Adding to rumors that Russian President Vladimir Putin is close to death, Kyrylo Budanov, Ukraine’s defense intelligence chief, said in an interview on Wednesday that he has intelligence that the leader has terminal cancer.
“He’s been ill for a long time,” Budanov told ABC News. “I’m sure he has cancer. I think he’s going to die very quickly.” I expect it soon.”
When asked how he got the information, Budanov said it was human intelligence.
“We just know, from people, from sources,” he said.
Budanov believes Putin will die soon, but not before a final humiliating defeat in Ukraine.
The spy chief said, “This war must end before your death… We will win it in 2023.”
He also said that there would be a change of power in Russia after the death of Putin, who ruled for more than two decades.
Budanov said: “We should not be afraid of his transformation, as it will benefit the whole world.”
But others have warned that the regime’s future direction is far from certain, The Sun reported.
It depends on the outcome of a power struggle that has already begun in anticipation of Putin’s departure, said Russian war analyst and former loyalist Igor Strelkov.
“The fight for the political Olympus has begun among the groups surrounding Putin,” he said.
He added that the battle to replace Putin is unfolding to the point where “even we can see it.”
Strelkov, a former colonel in the Federal Security Service’s (FSB) spy agency, was a key figure in Putin’s annexation of Crimea and the subjugation of Ukraine’s Donetsk region in 2014.

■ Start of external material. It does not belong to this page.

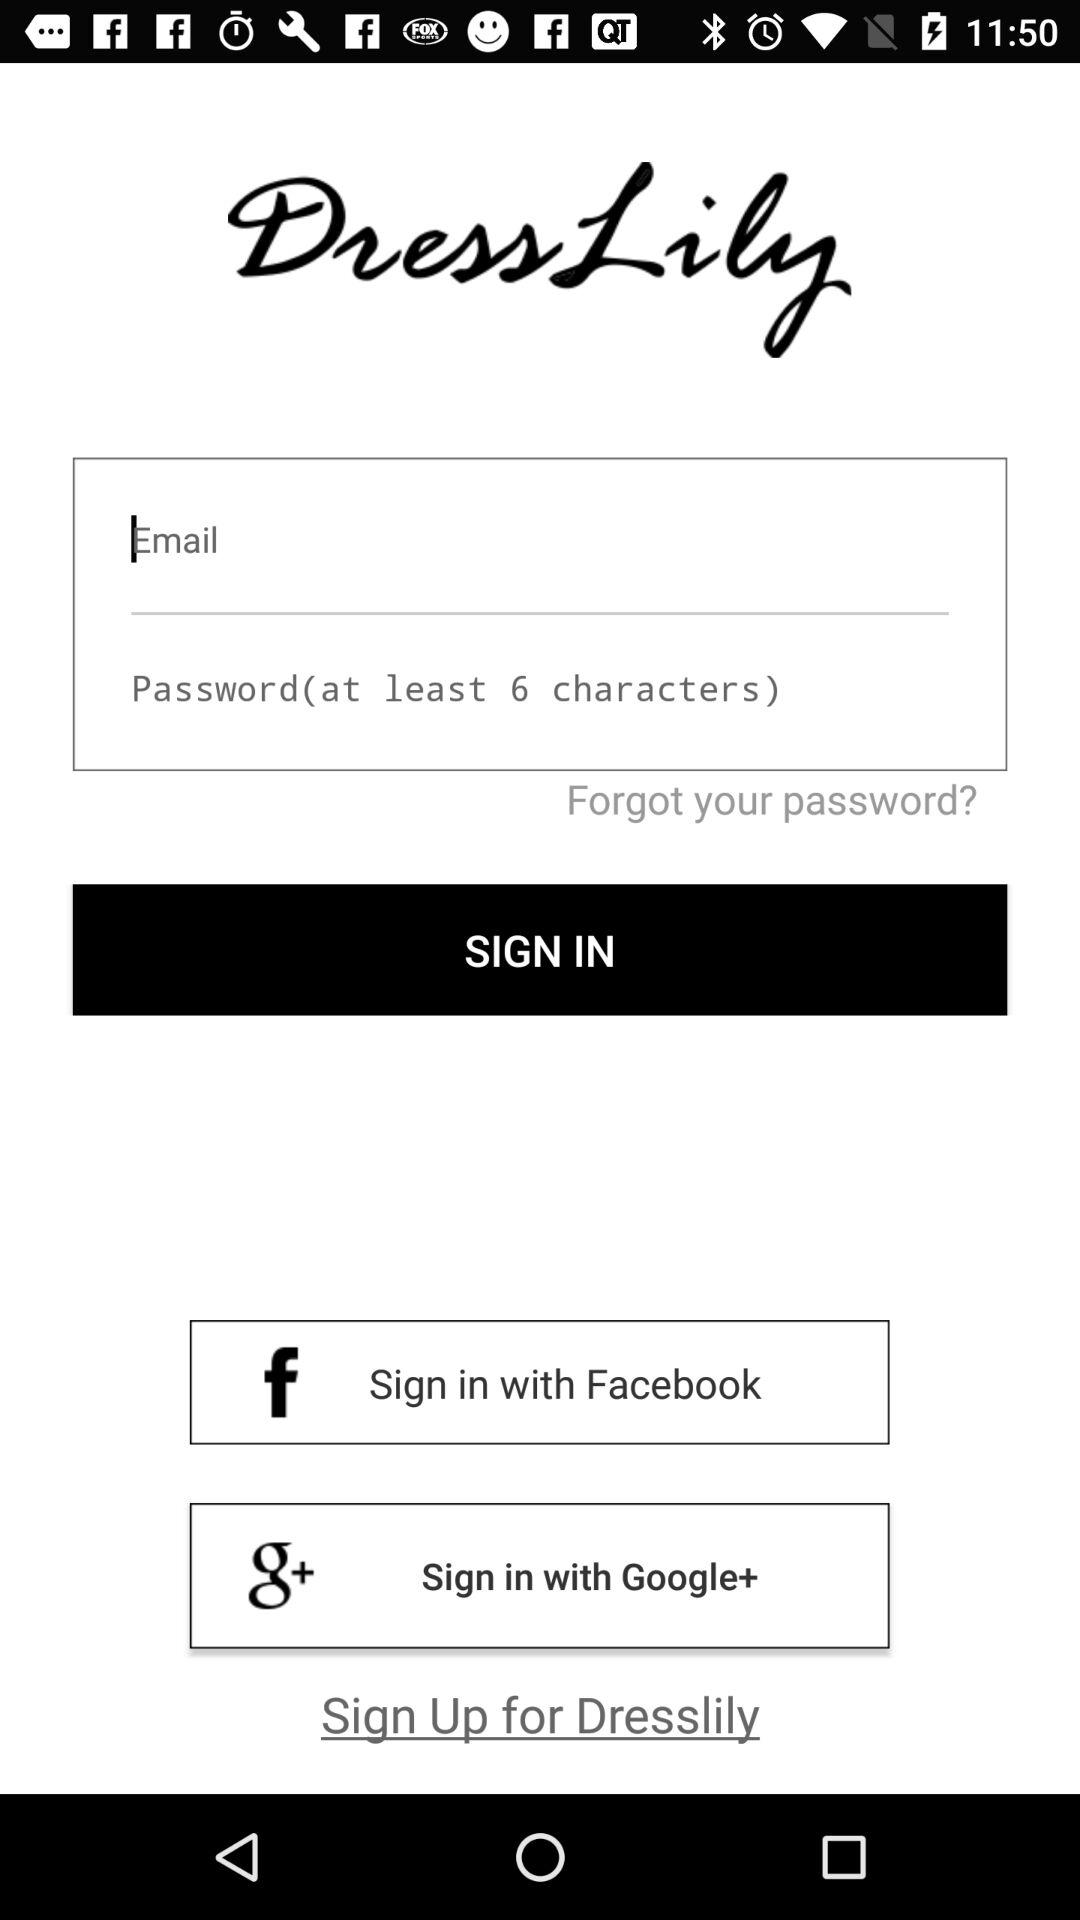Which social apps can we sign in to? The social apps you can sign in with are "Facebook" and "Google".

Names in the mix include Putin’s friend Yevgeny Prigozhin, head of Wagner’s private army, and loyalist forces in the Defense Ministry around struggling Defense Minister Sergei Shoigu and Agriculture Minister Dmitry Patrushev.

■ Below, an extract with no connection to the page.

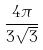<formula> <loc_0><loc_0><loc_500><loc_500>\frac { 4 \pi } { 3 \sqrt { 3 } }</formula> 
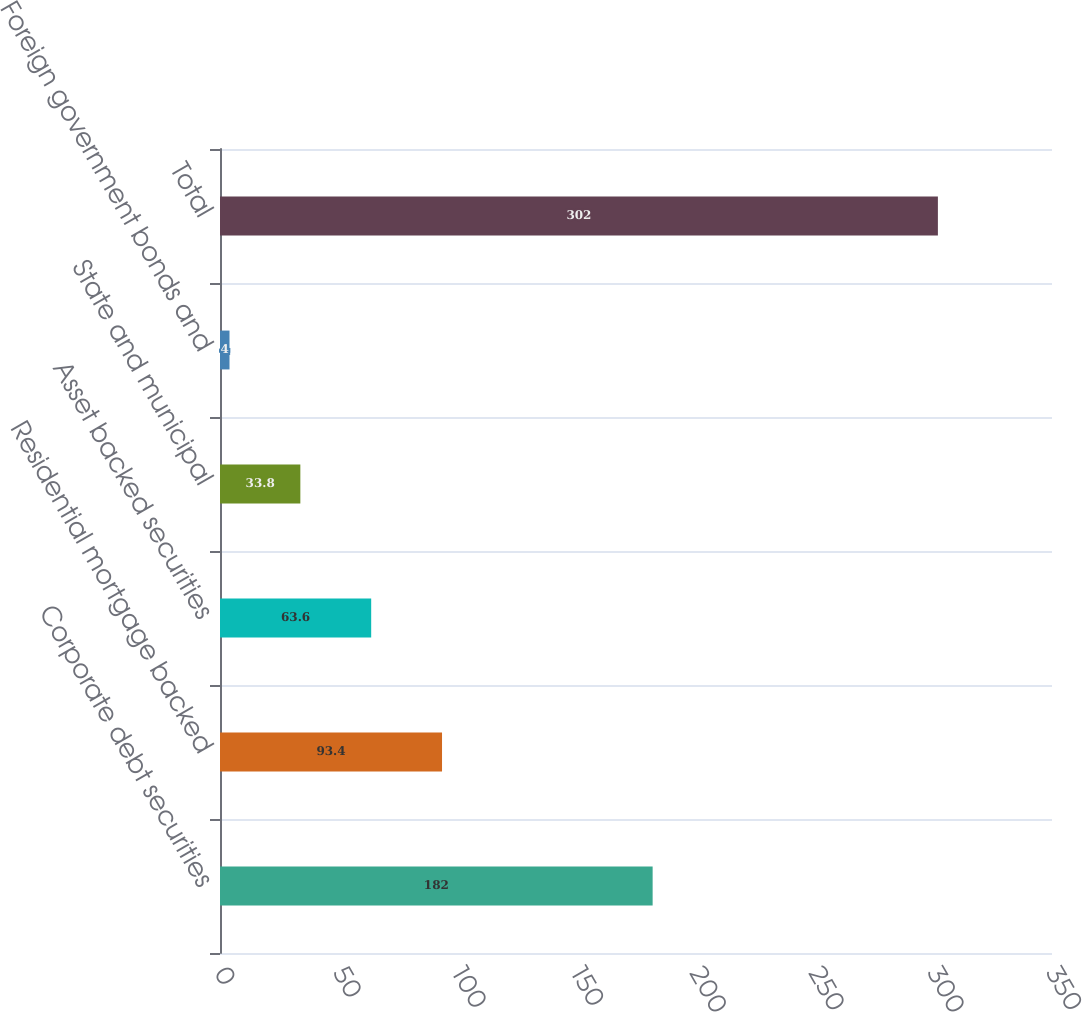Convert chart to OTSL. <chart><loc_0><loc_0><loc_500><loc_500><bar_chart><fcel>Corporate debt securities<fcel>Residential mortgage backed<fcel>Asset backed securities<fcel>State and municipal<fcel>Foreign government bonds and<fcel>Total<nl><fcel>182<fcel>93.4<fcel>63.6<fcel>33.8<fcel>4<fcel>302<nl></chart>

Armchair diagnoses of the Russian leader have gained traction since the war began on February 24, as social media users and analysts try to interpret footage that shows him apparently limping across Red Square, clinging to his desk and flashing a listless right arm.
Cold War historian Sergey Radchenko tweeted that he took spy chief Budanov’s “claims with a pinch of salt, as they were likely intended for a psych operation,” but added that his record of predictions “isn’t bad.”. “this is partly a function of the vagueness,” Newsweek noted.
Budanov’s comments come as the head of Russian analysis at the Danish military intelligence service, identified only as Joakim, said in an interview with Copenhagen-based Berlingske newspaper that he did not believe Putin was terminally ill. However, he said he had likely received hormone treatment for cancer, which explained her “moon-shaped face.”
However, Joakim believed that Putin was in chronic pain after several falls and accidents.
“That’s why he tends to sit down and grip things hard. It’s to ease the pain,” the intelligence officer said.